247 – O Supremo Tribunal Federal (STF) poderá decidir, antes de examinar a regularidade do relatório envolvendo Alexandre de Moraes, se ele e André Mendonça têm condições de participar do julgamento marcado para terça-feira. As discussões incluem ainda a composição do plenário, um eventual pedido de vista e até o adiamento da análise.
Segundo o g1, ministros debatem nos bastidores se a presença de Moraes poderia ser interpretada como uma forma de pressão sobre os demais integrantes da Corte. Outra ala considera apresentar uma questão de ordem para impedir Mendonça de votar, sob o argumento de que sua atuação na condução do caso comprometeria sua imparcialidade.
A Procuradoria-Geral da República (PGR) defendeu a anulação do relatório. O órgão sustentou que Mendonça teria direcionado à Polícia Federal a busca de informações contra Moraes e deixado de consultar a Presidência do Supremo antes de autorizar medidas relacionadas a outros ministros.
Se Moraes e Mendonça não decidirem se afastar espontaneamente, os possíveis impedimentos poderão ser submetidos à deliberação do plenário. A definição desse ponto deverá anteceder a análise do mérito, pois pode alterar tanto o número de votantes quanto o equilíbrio da sessão.
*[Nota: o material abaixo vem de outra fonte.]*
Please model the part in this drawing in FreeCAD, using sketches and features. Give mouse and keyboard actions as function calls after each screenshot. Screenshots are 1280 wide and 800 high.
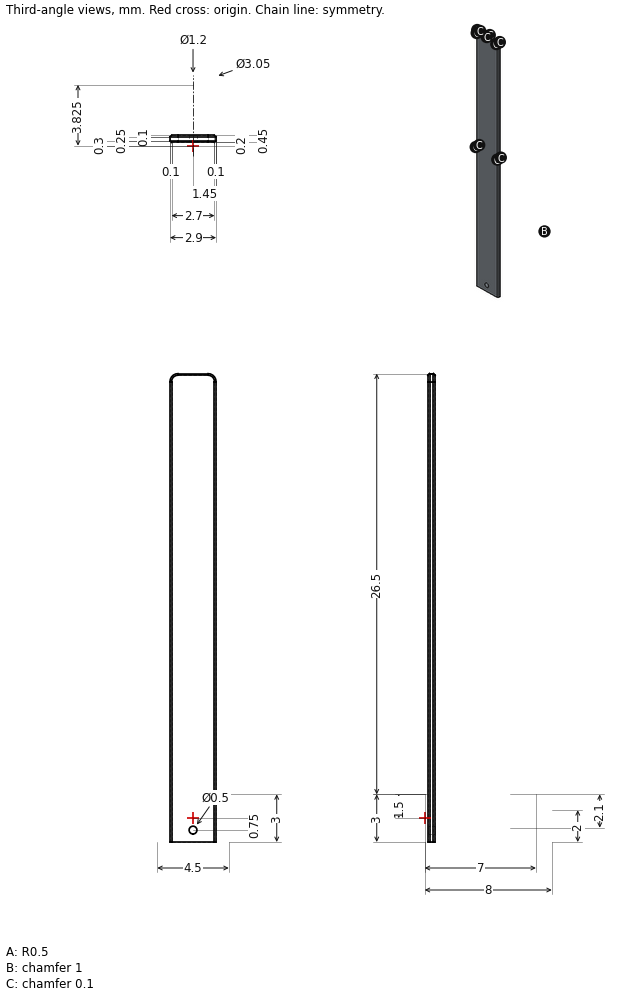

Presidente do STF, Edson Fachin assumiu a relatoria do processo que será examinado pelo colegiado. Ao tomar a decisão, ele indicou que, conforme o resultado do julgamento, poderá ser aplicado um dispositivo do Código de Processo Civil referente ao impedimento do relator.
Fachin conversou com Mendonça no sábado (12) sobre a providência. A condução adotada pelo presidente da Corte foi bem recebida por ministros próximos a Moraes. Fachin, no entanto, não pretende reunir na mesma sessão as controvérsias envolvendo Moraes e Mendonça.
Citações no caso Master ampliam debate
A composição do julgamento também poderá ser questionada em relação a Dias Toffoli, Kassio Nunes Marques e Luiz Fux, cujos nomes ou familiares teriam aparecido em informações relacionadas ao caso Master.
Toffoli deixou a relatoria do caso depois que a Polícia Federal apontou uma relação entre o ministro, uma empresa de sua família e o banqueiro Daniel Vorcaro. No material investigado, haveria ainda possíveis menções a filhos de Nunes Marques e Fux. Os três ministros negam qualquer irregularidade.
A tendência no Supremo, contudo, é favorável à participação de Fux e Nunes Marques. A presença de Toffoli e os critérios que serão aplicados aos integrantes eventualmente citados deverão alimentar o debate preliminar sobre o quórum.
Sessão pode ser adiada
Além dos possíveis impedimentos, integrantes da Corte não descartam a apresentação de um pedido de vista, que suspenderia o julgamento para uma análise mais demorada do processo. O plenário também poderá optar por adiar a sessão antes mesmo de começar a discussão sobre a validade do relatório.
Até agora, o STF confirmou a transmissão do julgamento pela TV Justiça e informou que o acesso ao plenário será restrito. Ainda permanece em aberto a possibilidade de os ministros discutirem se parte da sessão deverá ocorrer de maneira reservada.
As decisões preliminares serão determinantes para definir quem poderá votar e em quais condições o Supremo examinará o documento. Antes de enfrentar o conteúdo do relatório, portanto, a Corte terá de estabelecer as regras e a composição do próprio julgamento.